Les revendeurs d’IPTV ne sont plus les seuls à risquer gros et les amendes arrivent pour les clients. Elles peuvent même s’envoler jusqu’à 5 000 euros comme on peut le voir dans cette affaire en Italie.

Pendant des années, une règle tacite semblait prévaloir dans le monde du piratage audiovisuel. Si les vendeurs risquaient gros, les consommateurs, eux, dormaient sur leurs deux oreilles. Cette époque d’impunité touche-t-elle à sa fin ? En Italie, la justice a décidé de changer de braquet, et la nouvelle a de quoi glacer les milliers d’utilisateurs de services IPTV illégaux. La fête est peut-être bien finie.

L’affaire Italia TV : la chute d’un réseau et la peur des abonnés

Au cœur de la tempête, l’opération qui a démantelé le service Italia TV en décembre 2024. Menée de main de maître par la Guardia di Finanza de Naples, l’enquête a mis à bas un réseau qui comptait quelque 6 000 abonnés, principalement en Italie mais aussi jusqu’en Belgique et en Suisse.
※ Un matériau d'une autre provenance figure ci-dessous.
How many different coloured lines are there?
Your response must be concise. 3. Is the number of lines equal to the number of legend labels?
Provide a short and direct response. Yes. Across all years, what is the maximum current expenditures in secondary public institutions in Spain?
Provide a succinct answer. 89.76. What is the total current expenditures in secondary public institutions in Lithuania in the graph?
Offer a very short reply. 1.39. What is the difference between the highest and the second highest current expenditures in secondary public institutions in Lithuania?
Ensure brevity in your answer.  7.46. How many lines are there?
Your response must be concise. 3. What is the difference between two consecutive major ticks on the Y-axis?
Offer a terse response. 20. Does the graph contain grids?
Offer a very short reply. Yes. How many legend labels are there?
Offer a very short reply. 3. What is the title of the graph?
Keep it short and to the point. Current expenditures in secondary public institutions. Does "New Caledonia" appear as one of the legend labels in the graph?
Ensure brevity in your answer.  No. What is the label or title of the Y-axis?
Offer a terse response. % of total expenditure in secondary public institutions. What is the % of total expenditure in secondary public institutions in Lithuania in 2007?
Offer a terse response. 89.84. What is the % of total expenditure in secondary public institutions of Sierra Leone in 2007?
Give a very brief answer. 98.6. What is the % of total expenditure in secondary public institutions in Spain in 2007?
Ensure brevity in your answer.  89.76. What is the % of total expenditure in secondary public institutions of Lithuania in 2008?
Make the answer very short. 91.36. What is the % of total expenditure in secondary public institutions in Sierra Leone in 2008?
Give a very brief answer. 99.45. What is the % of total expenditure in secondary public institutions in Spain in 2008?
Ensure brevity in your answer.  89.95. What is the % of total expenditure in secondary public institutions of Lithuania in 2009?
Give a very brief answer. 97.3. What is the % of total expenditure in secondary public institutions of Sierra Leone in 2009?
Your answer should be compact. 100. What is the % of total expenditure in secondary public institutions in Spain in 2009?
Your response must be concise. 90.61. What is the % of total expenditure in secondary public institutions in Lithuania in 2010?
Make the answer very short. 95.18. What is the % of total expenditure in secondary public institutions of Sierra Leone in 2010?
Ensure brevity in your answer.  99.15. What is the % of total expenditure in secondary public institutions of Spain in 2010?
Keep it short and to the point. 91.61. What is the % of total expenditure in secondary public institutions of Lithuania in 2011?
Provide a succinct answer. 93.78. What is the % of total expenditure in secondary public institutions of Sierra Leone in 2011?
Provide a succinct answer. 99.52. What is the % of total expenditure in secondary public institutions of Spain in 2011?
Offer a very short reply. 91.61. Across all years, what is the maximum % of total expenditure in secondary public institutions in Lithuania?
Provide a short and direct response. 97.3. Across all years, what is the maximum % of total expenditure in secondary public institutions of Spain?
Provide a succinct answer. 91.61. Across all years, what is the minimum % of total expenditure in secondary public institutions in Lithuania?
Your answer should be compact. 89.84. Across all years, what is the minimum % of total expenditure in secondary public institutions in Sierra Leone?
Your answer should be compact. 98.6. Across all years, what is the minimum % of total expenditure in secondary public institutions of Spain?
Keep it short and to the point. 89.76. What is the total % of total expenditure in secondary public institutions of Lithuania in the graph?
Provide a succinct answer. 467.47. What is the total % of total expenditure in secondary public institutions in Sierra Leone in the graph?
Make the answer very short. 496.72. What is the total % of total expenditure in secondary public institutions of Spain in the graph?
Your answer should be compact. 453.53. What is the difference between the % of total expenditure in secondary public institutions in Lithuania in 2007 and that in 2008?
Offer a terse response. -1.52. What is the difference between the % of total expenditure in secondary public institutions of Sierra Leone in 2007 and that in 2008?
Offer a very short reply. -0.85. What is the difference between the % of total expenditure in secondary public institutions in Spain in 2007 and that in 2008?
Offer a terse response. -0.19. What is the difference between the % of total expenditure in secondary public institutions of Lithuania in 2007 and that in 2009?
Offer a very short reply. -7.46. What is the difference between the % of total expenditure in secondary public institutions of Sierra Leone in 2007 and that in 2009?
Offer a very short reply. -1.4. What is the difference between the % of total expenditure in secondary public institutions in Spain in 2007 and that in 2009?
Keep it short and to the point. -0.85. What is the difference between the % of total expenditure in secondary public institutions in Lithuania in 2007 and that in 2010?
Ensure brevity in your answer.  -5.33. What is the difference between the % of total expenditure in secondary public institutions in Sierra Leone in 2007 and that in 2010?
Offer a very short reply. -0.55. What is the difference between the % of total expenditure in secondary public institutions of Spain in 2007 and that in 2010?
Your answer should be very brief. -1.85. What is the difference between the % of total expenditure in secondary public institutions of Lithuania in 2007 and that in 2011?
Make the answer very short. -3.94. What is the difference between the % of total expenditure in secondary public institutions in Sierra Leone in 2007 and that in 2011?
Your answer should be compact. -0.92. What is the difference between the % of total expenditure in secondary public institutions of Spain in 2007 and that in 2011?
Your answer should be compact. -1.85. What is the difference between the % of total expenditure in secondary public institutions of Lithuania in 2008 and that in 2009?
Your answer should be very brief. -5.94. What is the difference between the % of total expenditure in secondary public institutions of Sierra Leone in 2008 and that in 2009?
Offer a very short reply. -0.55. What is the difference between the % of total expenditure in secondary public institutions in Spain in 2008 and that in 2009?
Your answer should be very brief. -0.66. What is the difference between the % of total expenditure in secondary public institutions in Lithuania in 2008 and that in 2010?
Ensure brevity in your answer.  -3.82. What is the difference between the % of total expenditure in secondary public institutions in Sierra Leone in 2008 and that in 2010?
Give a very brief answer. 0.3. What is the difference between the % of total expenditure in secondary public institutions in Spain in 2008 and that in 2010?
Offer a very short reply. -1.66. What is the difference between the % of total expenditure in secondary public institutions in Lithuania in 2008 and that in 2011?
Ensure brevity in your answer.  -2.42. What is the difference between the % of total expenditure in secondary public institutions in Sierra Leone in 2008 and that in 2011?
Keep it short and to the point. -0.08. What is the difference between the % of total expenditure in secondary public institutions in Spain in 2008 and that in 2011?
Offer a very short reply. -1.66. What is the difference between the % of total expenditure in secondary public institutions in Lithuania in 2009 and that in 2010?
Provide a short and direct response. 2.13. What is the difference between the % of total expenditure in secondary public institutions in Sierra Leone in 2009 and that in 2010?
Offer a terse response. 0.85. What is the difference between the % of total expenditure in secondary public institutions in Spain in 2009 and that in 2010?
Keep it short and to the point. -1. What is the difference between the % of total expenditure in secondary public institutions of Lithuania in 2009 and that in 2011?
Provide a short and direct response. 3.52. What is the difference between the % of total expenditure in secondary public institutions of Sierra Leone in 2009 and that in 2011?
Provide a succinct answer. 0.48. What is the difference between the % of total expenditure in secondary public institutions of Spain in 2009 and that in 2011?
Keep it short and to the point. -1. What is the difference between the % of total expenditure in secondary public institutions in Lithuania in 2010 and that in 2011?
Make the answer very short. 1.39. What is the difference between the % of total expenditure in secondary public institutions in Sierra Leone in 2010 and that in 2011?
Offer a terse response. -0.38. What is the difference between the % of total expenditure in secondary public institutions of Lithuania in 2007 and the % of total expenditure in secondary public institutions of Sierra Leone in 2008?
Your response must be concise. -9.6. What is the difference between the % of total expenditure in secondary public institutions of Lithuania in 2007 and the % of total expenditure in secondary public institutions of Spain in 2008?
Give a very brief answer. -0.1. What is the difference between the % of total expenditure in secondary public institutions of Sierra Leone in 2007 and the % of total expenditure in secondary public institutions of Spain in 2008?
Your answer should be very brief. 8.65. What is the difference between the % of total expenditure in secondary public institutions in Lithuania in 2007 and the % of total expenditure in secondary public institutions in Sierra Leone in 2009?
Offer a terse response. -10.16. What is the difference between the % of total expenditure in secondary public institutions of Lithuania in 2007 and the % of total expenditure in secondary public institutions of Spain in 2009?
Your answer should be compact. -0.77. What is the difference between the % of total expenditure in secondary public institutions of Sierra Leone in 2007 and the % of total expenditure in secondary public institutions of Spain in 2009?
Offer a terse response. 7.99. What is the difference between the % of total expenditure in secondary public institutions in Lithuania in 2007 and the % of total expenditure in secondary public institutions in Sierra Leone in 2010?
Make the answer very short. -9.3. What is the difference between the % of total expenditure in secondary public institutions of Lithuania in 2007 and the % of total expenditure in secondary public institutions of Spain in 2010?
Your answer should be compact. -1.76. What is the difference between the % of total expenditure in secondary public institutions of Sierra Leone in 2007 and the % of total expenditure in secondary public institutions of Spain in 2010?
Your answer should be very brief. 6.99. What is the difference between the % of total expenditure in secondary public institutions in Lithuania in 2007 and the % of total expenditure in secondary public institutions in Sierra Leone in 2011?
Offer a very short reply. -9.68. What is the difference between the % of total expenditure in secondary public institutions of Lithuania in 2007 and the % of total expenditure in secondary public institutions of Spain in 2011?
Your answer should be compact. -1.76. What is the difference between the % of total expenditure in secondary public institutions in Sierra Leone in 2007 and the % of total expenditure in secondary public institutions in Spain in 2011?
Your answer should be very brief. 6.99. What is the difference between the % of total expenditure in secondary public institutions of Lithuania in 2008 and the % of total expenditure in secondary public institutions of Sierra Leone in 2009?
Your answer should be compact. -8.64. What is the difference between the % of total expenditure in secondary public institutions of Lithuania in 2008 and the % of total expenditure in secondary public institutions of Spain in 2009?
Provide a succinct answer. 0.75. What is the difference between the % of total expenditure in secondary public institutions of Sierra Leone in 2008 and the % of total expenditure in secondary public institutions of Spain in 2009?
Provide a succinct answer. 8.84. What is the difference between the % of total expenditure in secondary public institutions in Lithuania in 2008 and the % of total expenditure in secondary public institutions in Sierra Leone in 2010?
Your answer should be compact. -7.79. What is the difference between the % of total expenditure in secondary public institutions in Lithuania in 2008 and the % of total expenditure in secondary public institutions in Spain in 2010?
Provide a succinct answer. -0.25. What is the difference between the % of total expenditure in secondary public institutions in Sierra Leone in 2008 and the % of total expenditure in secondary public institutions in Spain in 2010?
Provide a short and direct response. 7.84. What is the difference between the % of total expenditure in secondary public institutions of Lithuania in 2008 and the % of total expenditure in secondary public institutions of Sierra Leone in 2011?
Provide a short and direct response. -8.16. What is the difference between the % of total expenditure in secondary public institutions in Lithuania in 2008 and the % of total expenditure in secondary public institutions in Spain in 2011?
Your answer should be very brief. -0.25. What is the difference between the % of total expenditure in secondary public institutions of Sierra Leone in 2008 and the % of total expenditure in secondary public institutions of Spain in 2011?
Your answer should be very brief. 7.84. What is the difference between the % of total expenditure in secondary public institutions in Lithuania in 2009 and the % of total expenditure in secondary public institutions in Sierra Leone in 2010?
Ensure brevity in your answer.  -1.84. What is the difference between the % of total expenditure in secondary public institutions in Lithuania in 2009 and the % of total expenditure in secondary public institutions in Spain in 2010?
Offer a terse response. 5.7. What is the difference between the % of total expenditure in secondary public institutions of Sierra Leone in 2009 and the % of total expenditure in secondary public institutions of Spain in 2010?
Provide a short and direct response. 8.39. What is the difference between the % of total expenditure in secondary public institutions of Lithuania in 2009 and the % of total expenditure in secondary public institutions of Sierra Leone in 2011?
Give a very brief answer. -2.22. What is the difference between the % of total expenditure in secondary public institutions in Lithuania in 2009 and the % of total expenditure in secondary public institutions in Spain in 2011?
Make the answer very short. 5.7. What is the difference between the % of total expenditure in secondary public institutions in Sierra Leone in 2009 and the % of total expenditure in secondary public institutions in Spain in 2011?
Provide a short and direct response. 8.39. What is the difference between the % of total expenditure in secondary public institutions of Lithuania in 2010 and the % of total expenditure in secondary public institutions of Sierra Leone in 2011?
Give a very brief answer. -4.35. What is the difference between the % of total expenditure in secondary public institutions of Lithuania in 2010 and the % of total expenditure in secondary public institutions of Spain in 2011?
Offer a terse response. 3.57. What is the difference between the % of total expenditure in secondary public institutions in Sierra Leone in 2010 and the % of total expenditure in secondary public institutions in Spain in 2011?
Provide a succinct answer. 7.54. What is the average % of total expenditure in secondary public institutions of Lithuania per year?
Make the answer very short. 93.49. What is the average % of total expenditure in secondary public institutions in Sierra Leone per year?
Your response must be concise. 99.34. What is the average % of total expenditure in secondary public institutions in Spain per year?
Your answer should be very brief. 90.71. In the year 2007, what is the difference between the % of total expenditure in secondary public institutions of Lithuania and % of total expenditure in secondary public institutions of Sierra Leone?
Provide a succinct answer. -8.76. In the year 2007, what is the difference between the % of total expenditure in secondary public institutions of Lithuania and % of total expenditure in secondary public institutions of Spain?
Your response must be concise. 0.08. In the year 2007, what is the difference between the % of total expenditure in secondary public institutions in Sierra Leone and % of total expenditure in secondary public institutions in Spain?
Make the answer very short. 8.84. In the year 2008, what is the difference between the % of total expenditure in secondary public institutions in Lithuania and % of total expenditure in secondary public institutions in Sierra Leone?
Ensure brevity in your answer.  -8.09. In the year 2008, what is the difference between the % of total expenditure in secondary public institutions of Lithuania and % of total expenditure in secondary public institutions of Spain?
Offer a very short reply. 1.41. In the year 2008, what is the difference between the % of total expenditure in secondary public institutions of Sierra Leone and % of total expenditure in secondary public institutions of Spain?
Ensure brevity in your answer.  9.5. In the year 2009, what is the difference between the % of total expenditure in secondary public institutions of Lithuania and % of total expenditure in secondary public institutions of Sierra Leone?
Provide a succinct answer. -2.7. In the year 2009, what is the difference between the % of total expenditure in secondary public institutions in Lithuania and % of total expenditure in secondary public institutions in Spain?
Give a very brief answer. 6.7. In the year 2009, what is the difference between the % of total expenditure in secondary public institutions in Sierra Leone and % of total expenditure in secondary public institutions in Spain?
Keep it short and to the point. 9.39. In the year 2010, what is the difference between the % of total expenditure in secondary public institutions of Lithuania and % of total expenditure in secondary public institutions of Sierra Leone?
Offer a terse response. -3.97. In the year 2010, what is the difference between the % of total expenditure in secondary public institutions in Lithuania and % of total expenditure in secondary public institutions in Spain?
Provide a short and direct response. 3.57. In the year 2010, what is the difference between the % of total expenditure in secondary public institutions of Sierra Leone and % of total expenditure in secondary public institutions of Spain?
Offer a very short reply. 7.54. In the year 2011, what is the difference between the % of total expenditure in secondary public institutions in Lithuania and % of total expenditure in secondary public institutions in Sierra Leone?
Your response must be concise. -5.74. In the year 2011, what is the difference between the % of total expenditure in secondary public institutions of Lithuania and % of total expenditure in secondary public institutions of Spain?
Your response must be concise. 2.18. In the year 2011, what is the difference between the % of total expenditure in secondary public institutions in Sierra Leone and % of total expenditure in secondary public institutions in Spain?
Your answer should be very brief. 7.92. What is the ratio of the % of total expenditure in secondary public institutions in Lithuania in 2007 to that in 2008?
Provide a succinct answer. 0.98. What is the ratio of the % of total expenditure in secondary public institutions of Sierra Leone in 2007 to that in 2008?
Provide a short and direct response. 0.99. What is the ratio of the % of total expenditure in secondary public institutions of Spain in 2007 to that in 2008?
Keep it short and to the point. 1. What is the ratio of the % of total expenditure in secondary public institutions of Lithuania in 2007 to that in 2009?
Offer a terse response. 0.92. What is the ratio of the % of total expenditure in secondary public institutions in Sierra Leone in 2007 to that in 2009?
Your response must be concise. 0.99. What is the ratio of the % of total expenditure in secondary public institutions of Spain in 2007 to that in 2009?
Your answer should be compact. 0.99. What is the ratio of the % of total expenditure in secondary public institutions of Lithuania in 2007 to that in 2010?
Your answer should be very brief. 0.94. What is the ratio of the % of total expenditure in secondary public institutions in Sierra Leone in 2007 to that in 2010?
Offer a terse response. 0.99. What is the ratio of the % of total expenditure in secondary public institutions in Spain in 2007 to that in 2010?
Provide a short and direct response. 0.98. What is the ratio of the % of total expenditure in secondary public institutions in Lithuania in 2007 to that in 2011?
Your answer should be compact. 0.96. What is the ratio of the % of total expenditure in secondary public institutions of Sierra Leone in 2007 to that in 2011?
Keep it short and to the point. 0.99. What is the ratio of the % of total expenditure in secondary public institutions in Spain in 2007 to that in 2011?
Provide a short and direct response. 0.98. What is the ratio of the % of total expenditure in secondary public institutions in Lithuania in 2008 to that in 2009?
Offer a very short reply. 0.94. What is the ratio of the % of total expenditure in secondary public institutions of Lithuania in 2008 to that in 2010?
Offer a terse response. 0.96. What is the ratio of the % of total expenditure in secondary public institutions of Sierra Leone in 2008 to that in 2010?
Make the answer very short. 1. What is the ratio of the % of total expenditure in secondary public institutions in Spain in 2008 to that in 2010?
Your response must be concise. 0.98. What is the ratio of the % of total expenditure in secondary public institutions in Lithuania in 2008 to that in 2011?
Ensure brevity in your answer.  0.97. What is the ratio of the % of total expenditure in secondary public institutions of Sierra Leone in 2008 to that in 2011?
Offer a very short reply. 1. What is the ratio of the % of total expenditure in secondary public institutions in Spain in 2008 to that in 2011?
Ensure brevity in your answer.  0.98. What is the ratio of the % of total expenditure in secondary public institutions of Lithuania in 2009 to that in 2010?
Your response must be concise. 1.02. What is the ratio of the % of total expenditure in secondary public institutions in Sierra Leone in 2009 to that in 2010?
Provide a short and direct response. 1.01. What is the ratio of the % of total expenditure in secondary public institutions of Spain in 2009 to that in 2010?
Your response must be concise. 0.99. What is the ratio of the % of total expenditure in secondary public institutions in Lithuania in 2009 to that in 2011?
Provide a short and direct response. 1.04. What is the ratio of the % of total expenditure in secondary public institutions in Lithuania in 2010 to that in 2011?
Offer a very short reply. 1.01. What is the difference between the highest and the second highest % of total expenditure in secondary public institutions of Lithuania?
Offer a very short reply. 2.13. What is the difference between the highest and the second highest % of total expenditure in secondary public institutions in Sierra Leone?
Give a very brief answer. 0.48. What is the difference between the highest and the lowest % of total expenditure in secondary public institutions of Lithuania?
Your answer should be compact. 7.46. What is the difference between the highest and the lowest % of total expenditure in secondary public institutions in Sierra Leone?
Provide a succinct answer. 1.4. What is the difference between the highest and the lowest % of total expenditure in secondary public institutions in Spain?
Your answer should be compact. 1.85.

Pour un abonnement dérisoire de 80 euros par an, les clients accédaient à un catalogue quasi infini : films des grands studios, séries Netflix ou Disney+, et surtout, le Graal pour des millions de tifosi, les matchs de la Serie A de football diffusés par Sky et DAZN.

Le cerveau présumé de l’opération, Cristian Fidato, un jeune homme de 23 ans, vient de voir son sort scellé. Le 16 juin dernier, le tribunal de Naples l’a condamné à une peine sévère de quatre ans et quatre mois de prison ferme, assortis d’une amende de 22 000 euros. Son principal complice, Anatoliy Perrotta, a écopé d’une peine avec sursis.

Mais au-delà de la condamnation des organisateurs, c’est la suite qui marque une rupture. Le procureur adjoint de Naples, Silvio Pavia, a confirmé que l’enquête a permis d’identifier la totalité des 6 000 abonnés du service. Selon le quotidien La Stampa, les premières amendes ont déjà été expédiées.

Des amendes salées pour changer les mentalités

Cette action n’est pas un coup d’épée dans l’eau. Le mois dernier, dans une autre affaire, 2 282 amendes avaient déjà été envoyées à des utilisateurs d’un service similaire. La loi italienne est claire à ce sujet. Le montant peut aller d’une sanction administrative de 51,33 euros pour une première infraction jusqu’à 5 000 euros en cas de récidive.

L’objectif est d’instaurer un climat de peur et briser le sentiment d’invulnérabilité des consommateurs. Comme le rappel nos confrères de Presse-Citron, Luigi de Siervo, le PDG de la Serie A, avait prévenu : « Des amendes de 150 à 5 000 euros arriveront bientôt […] C’est une étape que l’on aimerait éviter, mais qui est devenue nécessaire ».

Un pari risqué pour l’industrie ?

La stratégie, cependant, soulève des questions. Voir un utilisateur risquer une amende de 5 000 euros alors que l’organisateur d’un réseau générant près de 850 000 euros de revenus n’est condamné qu’à 22 000 euros d’amende a de quoi interroger sur la proportionnalité des peines. Personne n’aime recevoir une amende, mais cette nouvelle approche répressive est un jeu dangereux.

En traitant leurs anciens et potentiels futurs clients comme des délinquants, les ayants droit et les ligues sportives prennent le risque de détruire le peu de bonne volonté qu’il pouvait rester. Le but est de transformer les pirates en abonnés payants, pas de les transformer en ennemis jurés.

L’Italie sert aujourd’hui de laboratoire à une nouvelle doctrine anti-piratage, plus agressive et directe. Le message envoyé à travers l’Europe est puissant et indique que l’anonymat derrière son écran n’est plus une garantie. Reste à savoir si la peur du gendarme sera plus forte que l’attrait de l’illégalité. Le combat pour le futur du streaming se joue peut-être maintenant, dans les tribunaux de Naples.